Through using this sort of working process, we are going to be store stats and update them when they come available through the API. 

## Sorting records
https://stackoverflow.com/questions/12031507/mongodb-sorting-by-nested-object-value  

1: ascending   
-1: descending

In [10]:
db.test.find().sort([('test_id',-1)])[0]

{'_id': ObjectId('5dc6f62dd57b60e8df505788'), 'test_id': 5}

In [11]:
# Game with shots desc
list(db.test.find().sort([('stats.shots',-1)]))

[{'_id': ObjectId('5dc6f62cd57b60e8df505784'),
  'test_id': 1,
  'stats': {'goals': 1, 'shots': 10}},
 {'_id': ObjectId('5dc6f62cd57b60e8df505785'),
  'test_id': 2,
  'stats': {'goals': 4, 'shots': 9}},
 {'_id': ObjectId('5dc6f62dd57b60e8df505787'), 'test_id': 4},
 {'_id': ObjectId('5dc6f62dd57b60e8df505788'), 'test_id': 5}]

In [12]:
# Game with goals asc
list(db.test.find().sort([('stats.goals',1)]))

[{'_id': ObjectId('5dc6f62dd57b60e8df505787'), 'test_id': 4},
 {'_id': ObjectId('5dc6f62dd57b60e8df505788'), 'test_id': 5},
 {'_id': ObjectId('5dc6f62cd57b60e8df505784'),
  'test_id': 1,
  'stats': {'goals': 1, 'shots': 10}},
 {'_id': ObjectId('5dc6f62cd57b60e8df505785'),
  'test_id': 2,
  'stats': {'goals': 4, 'shots': 9}}]

In [13]:
list(db.test.find({'stats.shots':9}).sort([('stats.goals',1)]))
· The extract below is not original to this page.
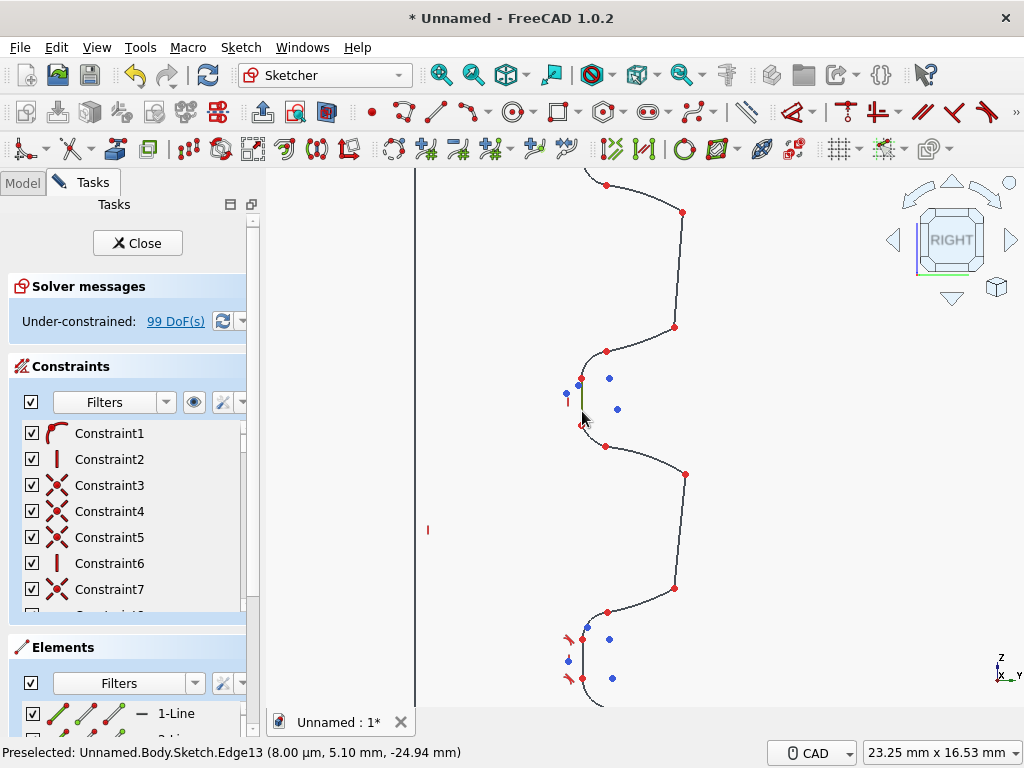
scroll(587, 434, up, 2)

[{'_id': ObjectId('5dc6f62cd57b60e8df505785'),
  'test_id': 2,
  'stats': {'goals': 4, 'shots': 9}}]

It is likely that we are going to need to check whether stats exist or not; we can do this using the syntax below. 

In [14]:
list(db.test.find({'stats':{'$exists': True}}))

[{'_id': ObjectId('5dc6f62cd57b60e8df505784'),
  'test_id': 1,
  'stats': {'goals': 1, 'shots': 10}},
 {'_id': ObjectId('5dc6f62cd57b60e8df505785'),
  'test_id': 2,
  'stats': {'goals': 4, 'shots': 9}}]

We can also filter out those that we don't have statistics for, so that we can work out which games we should call the API to obtain. 

In [15]:
filter = list(db.test.find({'stats':{'$exists': True}}, {'_id'}))
filter = [i['_id'] for i in filter]
list(db.test.find({'_id': {'$nin': filter}}))

[{'_id': ObjectId('5dc6f62dd57b60e8df505787'), 'test_id': 4},
 {'_id': ObjectId('5dc6f62dd57b60e8df505788'), 'test_id': 5}]

## Indexes

In [16]:
db.test.create_index('test_id', unique=True, name='test_id_pk', default_language='english')

'test_id_pk'

In [17]:
db.test.insert_one({'test_id': 1})

DuplicateKeyError: E11000 duplicate key error collection: football.test index: test_id_pk dup key: { : 1 }

This means that we won't accidentally insert multiple records for a single match and will avoid data read issues later.